Information supplied:
# # # # #

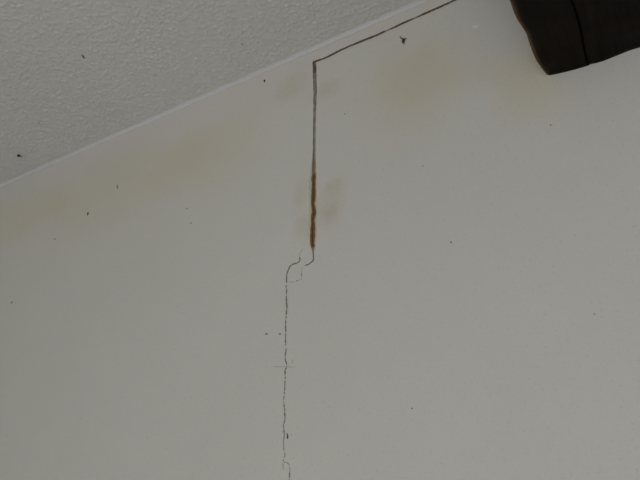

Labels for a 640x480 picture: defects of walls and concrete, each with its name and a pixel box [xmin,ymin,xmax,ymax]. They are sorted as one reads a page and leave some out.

crack [312,0,456,174]
crack [283,247,314,477]
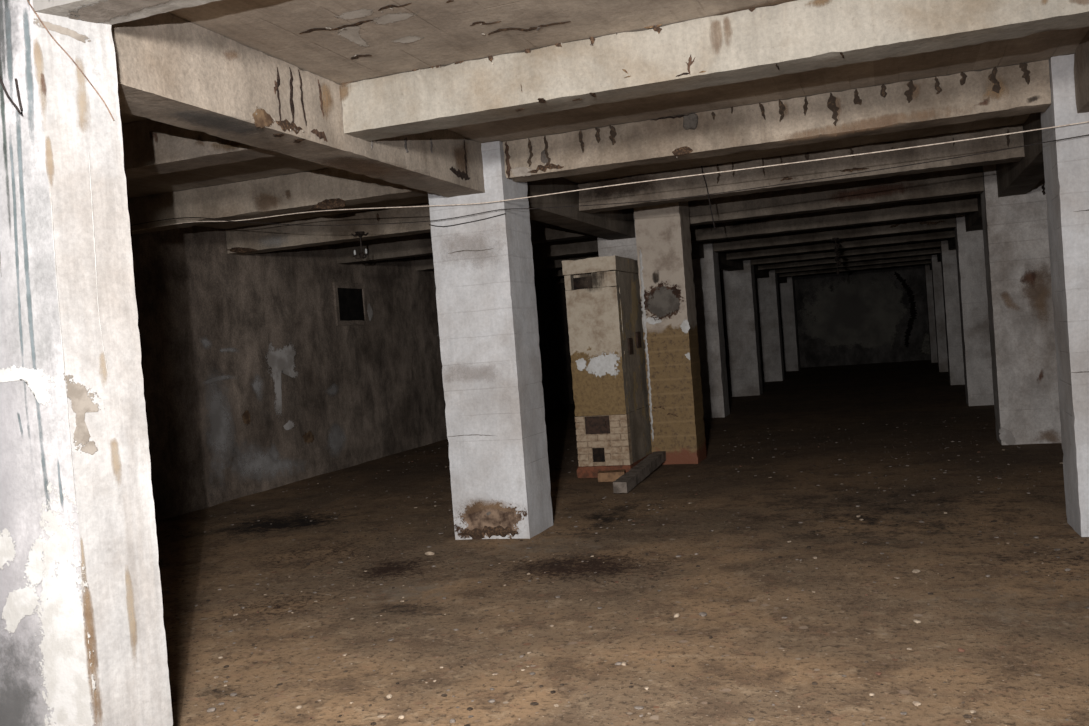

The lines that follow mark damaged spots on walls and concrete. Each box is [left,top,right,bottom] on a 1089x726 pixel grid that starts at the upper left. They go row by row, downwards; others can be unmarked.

leakage [0,0,36,370]
spalling [639,273,690,333]
peeling [576,352,620,377]
leakage [36,400,63,505]
peeling [0,365,101,455]
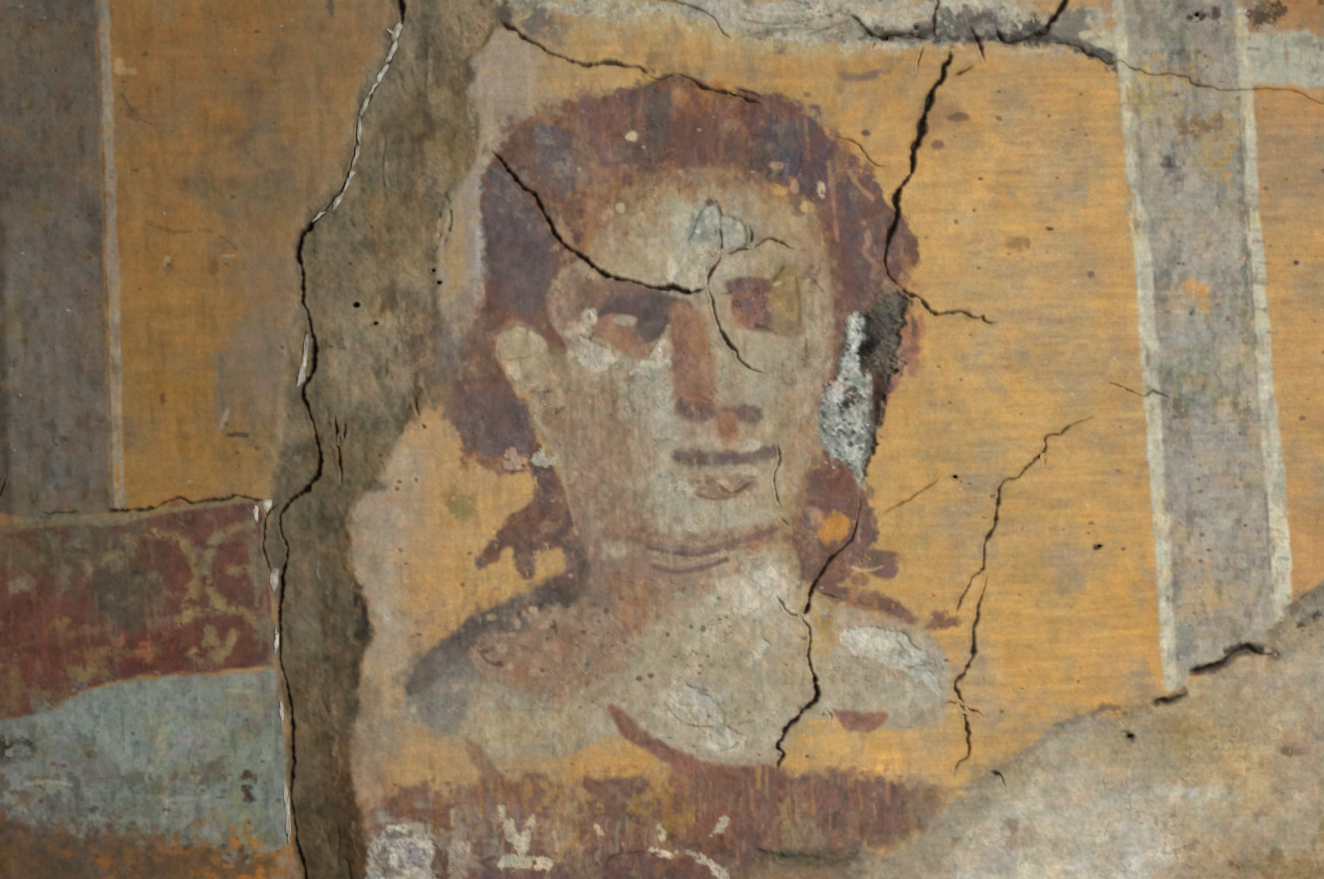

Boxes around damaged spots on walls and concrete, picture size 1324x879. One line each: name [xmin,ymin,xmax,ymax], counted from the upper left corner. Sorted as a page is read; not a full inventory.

crack [496,17,766,108]
crack [648,0,735,43]
crack [830,0,1324,328]
crack [488,147,797,378]
crack [0,474,10,501]
crack [37,0,409,879]
crack [771,473,943,773]
spalling [818,293,913,485]
peeling [840,626,943,696]
crack [941,378,1174,789]
spalling [1286,583,1324,626]

# # # # #

What you have to do:
Repeat the records above verbatim, dropping the pictures.

Answer section:
Labels for a 640x480 picture: defects of walls and concrete, each with its name and a pixel box [xmin,ymin,xmax,ymax]. They are sorted as one reads a page and leave some out.

crack [312,0,456,174]
crack [283,247,314,477]

The lines that follow mark damaged spots on walls and concrete. Each box is [left,top,right,bottom] on a 1089x726 pixel grid that starts at the upper left. They go row by row, downwards; others can be unmarked.

leakage [0,0,36,370]
spalling [639,273,690,333]
peeling [576,352,620,377]
leakage [36,400,63,505]
peeling [0,365,101,455]

Boxes around damaged spots on walls and concrete, picture size 1324x879. One line each: name [xmin,ymin,xmax,ymax], counted from the upper left corner. Sorted as a page is read; not a full inventory.

crack [496,17,766,108]
crack [648,0,735,43]
crack [830,0,1324,328]
crack [488,147,797,378]
crack [0,474,10,501]
crack [37,0,409,879]
crack [771,473,943,773]
spalling [818,293,913,485]
peeling [840,626,943,696]
crack [941,378,1174,789]
spalling [1286,583,1324,626]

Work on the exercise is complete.